▶ **What the exercise asks**: Please restate the records below word for word, leaving out every picture.

▶ **Records drawn from a dataset**:

——

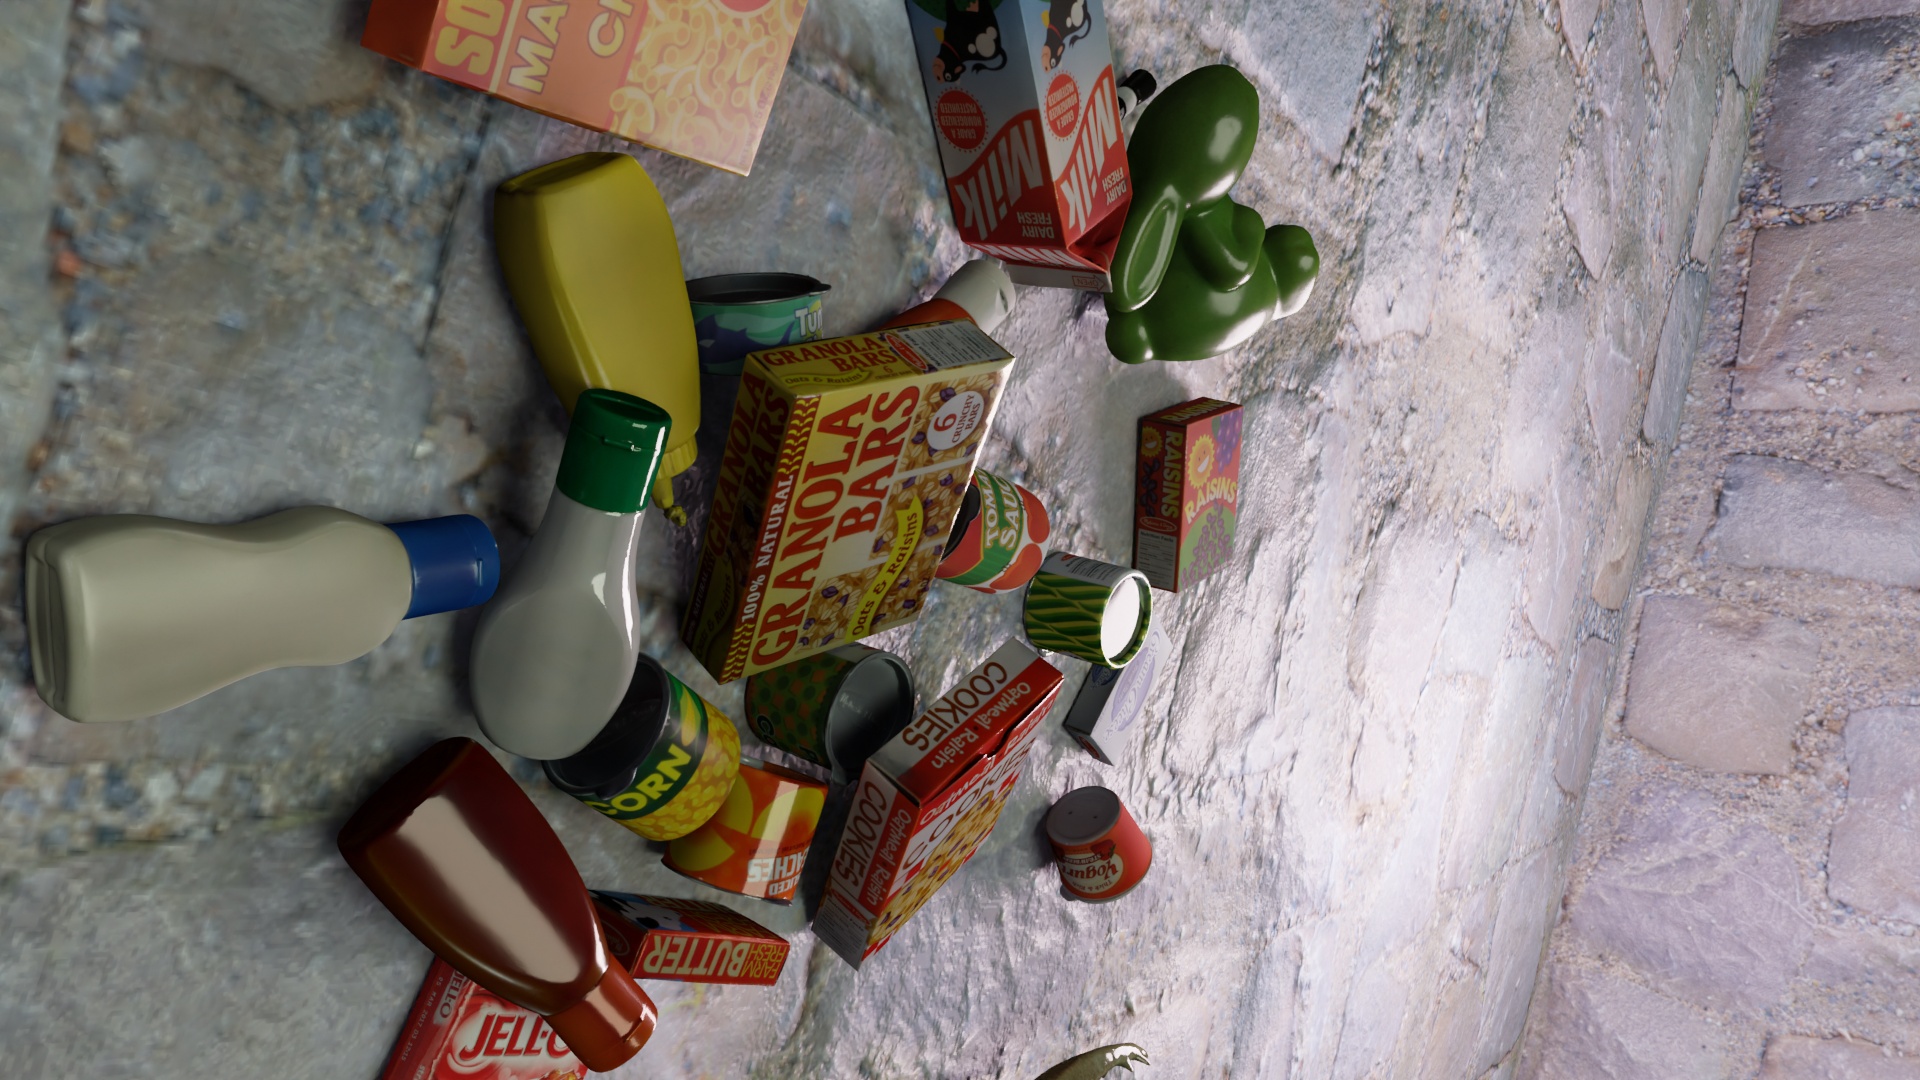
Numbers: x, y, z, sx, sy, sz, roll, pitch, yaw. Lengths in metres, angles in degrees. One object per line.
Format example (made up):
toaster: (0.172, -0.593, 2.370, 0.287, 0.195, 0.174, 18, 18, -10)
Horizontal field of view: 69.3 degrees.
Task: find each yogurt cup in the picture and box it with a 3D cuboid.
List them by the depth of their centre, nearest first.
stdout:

——

▶ **Reply**:
Numbers: x, y, z, sx, sy, sz, roll, pitch, yaw. Lengths in metres, angles in degrees. One object per line.
Format example (made up):
toaster: (0.172, -0.593, 2.370, 0.287, 0.195, 0.174, 18, 18, -10)
Horizontal field of view: 69.3 degrees.
Task: find each yogurt cup in the picture and box it with a 3D cuboid.
List them by the depth of their centre, nearest first.
stdout:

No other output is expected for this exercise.